List of tagged APIs:
o __get_thread_var(): perfbook's own
o for_each_thread(): perfbook's own
o per_thread(): perfbook's own
o __thread: GCC extension
o atomic_t: Linux kernel
o atomic_cmpxchg() Linux kernel
o pthread_kill() POSIX
Signed-off-by: Akira Yokosawa <akiyks@xxxxxxxxx>
---
count/count.tex | 14 +++++++-------
1 file changed, 7 insertions(+), 7 deletions(-)
diff --git a/count/count.tex b/count/count.tex
index 2870506b..d2b39904 100644
--- a/count/count.tex
+++ b/count/count.tex
@@ -510,7 +510,7 @@ type \co{unsigned long} named, creatively enough, \co{counter}.
\Clnrefrange{inc:b}{inc:e}
show a function that increments the counters, using the
-\co{__get_thread_var()} primitive to locate the currently running
+\apipf{__get_thread_var()} primitive to locate the currently running
thread's element of the \co{counter} array.
Because this element is modified only by the corresponding thread,
non-atomic increment suffices.
@@ -538,8 +538,8 @@ The use of \co{WRITE_ONCE()} prevents this optimization and others besides.

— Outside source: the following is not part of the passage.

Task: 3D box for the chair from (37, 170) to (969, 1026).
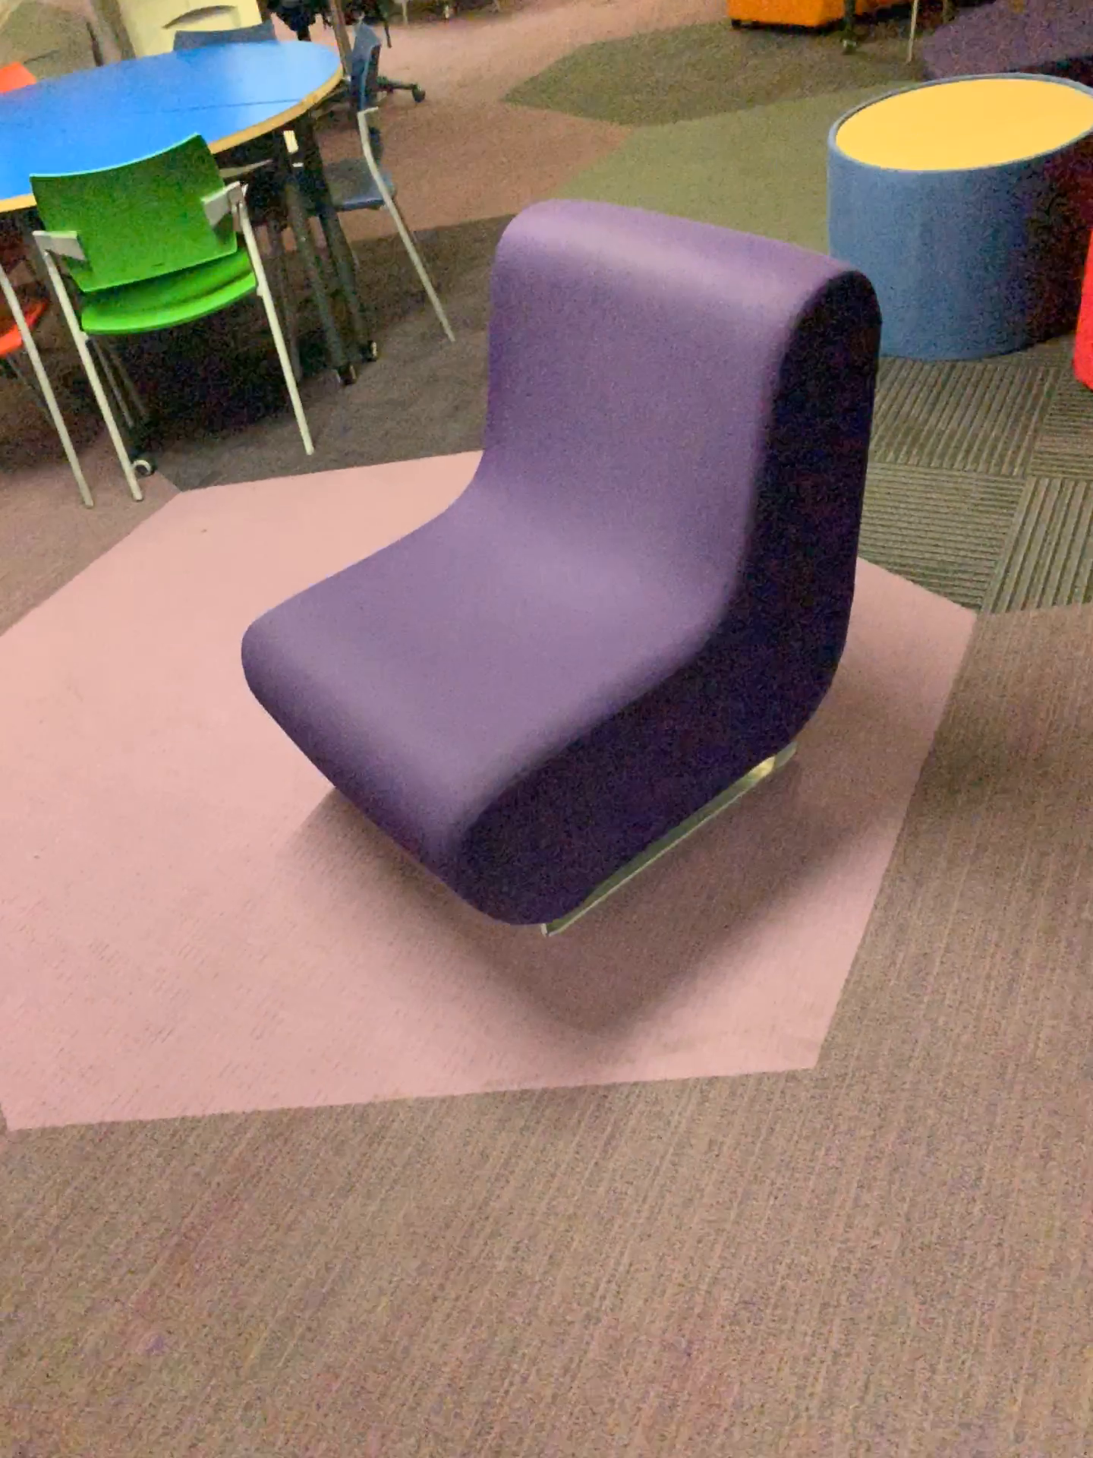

\Clnrefrange{read:b}{read:e}
show a function that reads out the aggregate value of the counter,
-using the \co{for_each_thread()} primitive to iterate over the list of
-currently running threads, and using the \co{per_thread()} primitive
+using the \apipf{for_each_thread()} primitive to iterate over the list of
+currently running threads, and using the \apipf{per_thread()} primitive
to fetch the specified thread's counter.
This code also uses \co{READ_ONCE()} to ensure that the compiler doesn't
optimize these loads into oblivion.
@@ -721,7 +721,7 @@ This is the topic of the next section.
\subsection{Per-Thread-Variable-Based Implementation}
\label{sec:count:Per-Thread-Variable-Based Implementation}
-\GCC\ provides an \co{__thread} storage class that provides
+\GCC\ provides an \apig{__thread} storage class that provides
per-thread storage.
This can be used as shown in
\cref{lst:count:Per-Thread Statistical Counters} (\path{count_end.c})
@@ -1914,7 +1914,7 @@ The \co{counter} and \co{countermax} variables in earlier algorithms
are combined into the single variable \co{counterandmax} shown on
\clnref{candmax}, with \co{counter} in the upper half and \co{countermax} in
the lower half.
-This variable is of type \co{atomic_t}, which has an underlying
+This variable is of type \apik{atomic_t}, which has an underlying
representation of \co{int}.
\Clnrefrange{def:b}{def:e} show the definitions for \co{globalcountmax}, \co{globalcount},
@@ -2007,7 +2007,7 @@ shows the \co{add_count()} and \co{sub_count()} functions.
with the remainder of the function being the slowpath.
\Clnrefrange{fast:b}{loop:e} of the fastpath form a compare-and-swap
(CAS) loop, with
-the \co{atomic_cmpxchg()} primitive on
+the \apik{atomic_cmpxchg()} primitive on
\clnrefrange{atmcmpex}{loop:e} performing the
actual CAS\@.
\Clnref{split} splits the current thread's \co{counterandmax} variable into its
@@ -2625,7 +2625,7 @@ left as an exercise for the reader, as is the analysis of
\cref{lst:count:Signal-Theft Limit Counter Initialization Functions}
show \co{count_init()}, which set up \co{flush_local_count_sig()}
as the signal handler for \co{SIGUSR1},
-enabling the \co{pthread_kill()} calls in \co{flush_local_count()}
+enabling the \apipx{pthread_kill()} calls in \co{flush_local_count()}
to invoke \co{flush_local_count_sig()}.
The code for thread registry and unregistry is similar to that of
earlier examples, so its analysis is left as an exercise for the
--
2.17.1